## Task item:
Your answer should be one number: the count of lines in the data below that include "loan".

## Material provided:
= = = = =
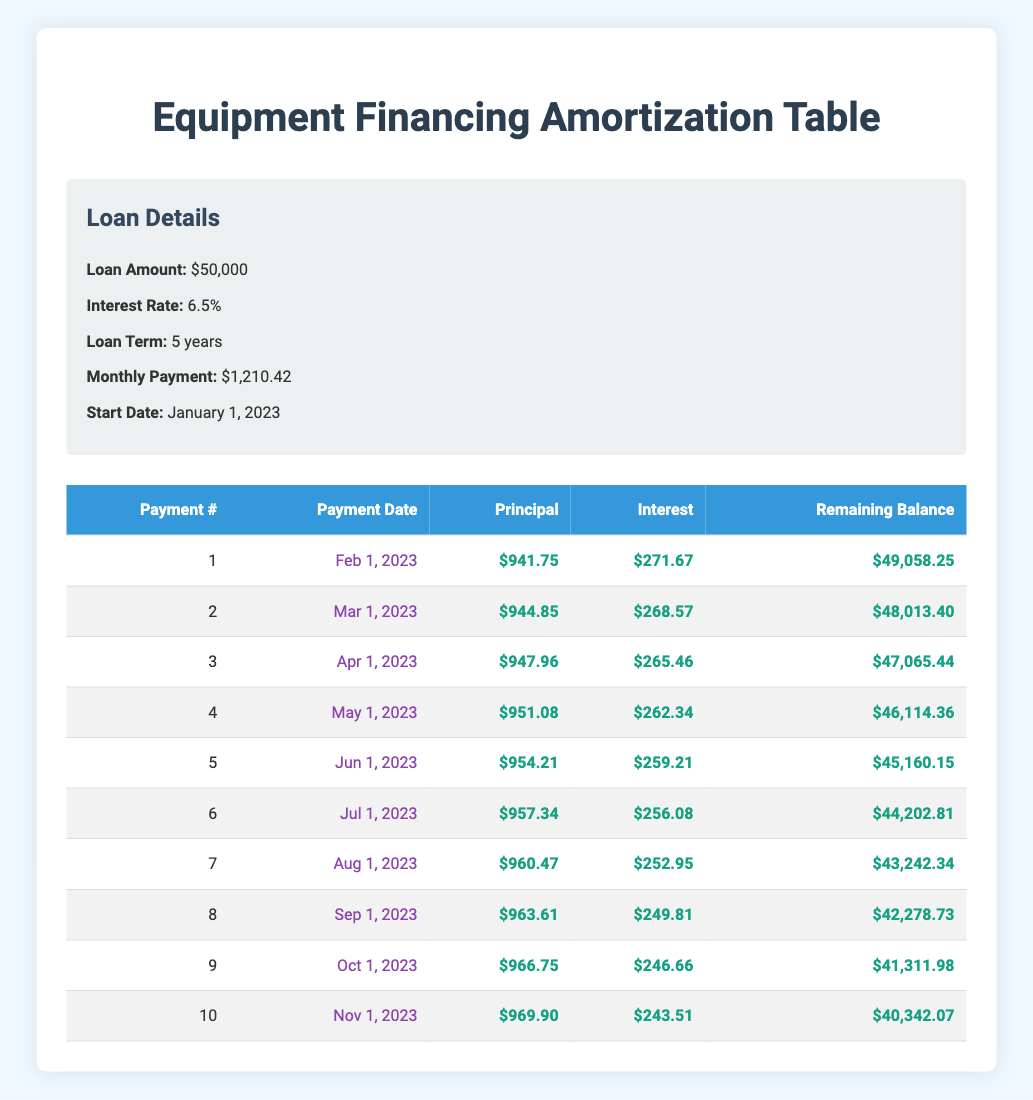What is the total amount paid in principal after the first two payments? The principal payments for the first two payments are $941.75 (Payment 1) and $944.85 (Payment 2). Adding these gives 941.75 + 944.85 = 1886.60
Answer: 1886.60 How much interest is paid in the first payment? The interest payment for the first payment is listed in the table as $271.67.
Answer: 271.67 What is the remaining balance after the 5th payment? The remaining balance after the 5th payment is recorded in the table as $45,160.15.
Answer: 45,160.15 Is the interest payment in the 10th payment lower than the interest payment in the 1st payment? Yes, the interest payment for the 10th payment is $243.51 which is lower than the first payment's interest of $271.67.
Answer: Yes What is the total amount paid towards interest in the first three payments? The interest payments for the first three payments are $271.67 (Payment 1), $268.57 (Payment 2), and $265.46 (Payment 3). Adding these gives 271.67 + 268.57 + 265.46 = 805.70
Answer: 805.70 What date is the 7th payment scheduled for? The 7th payment is scheduled for August 1, 2023, as seen in the table under the Payment Date column.
Answer: August 1, 2023 How much total principal is paid in the first half of the loan term? The total principal paid in the first half (the first 5 payments) can be calculated by adding the first five principal payments: 941.75 + 944.85 + 947.96 + 951.08 + 954.21 = 4,739.85
Answer: 4,739.85 Is the monthly payment constant throughout the loan term? Yes, the monthly payment of $1,210.42 remains constant as indicated in the loan details.
Answer: Yes 
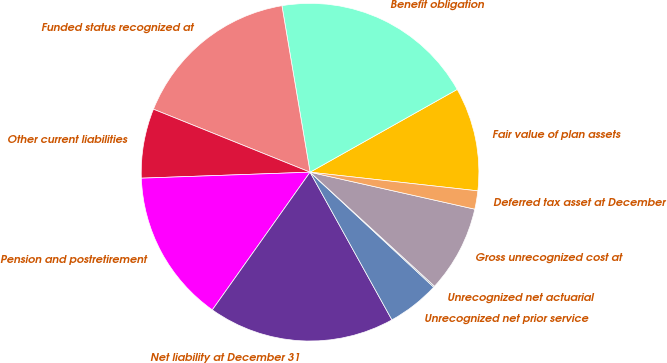<chart> <loc_0><loc_0><loc_500><loc_500><pie_chart><fcel>Fair value of plan assets<fcel>Benefit obligation<fcel>Funded status recognized at<fcel>Other current liabilities<fcel>Pension and postretirement<fcel>Net liability at December 31<fcel>Unrecognized net prior service<fcel>Unrecognized net actuarial<fcel>Gross unrecognized cost at<fcel>Deferred tax asset at December<nl><fcel>9.92%<fcel>19.51%<fcel>16.25%<fcel>6.65%<fcel>14.61%<fcel>17.88%<fcel>5.02%<fcel>0.12%<fcel>8.29%<fcel>1.75%<nl></chart>
= = = = =
## Completed task:
2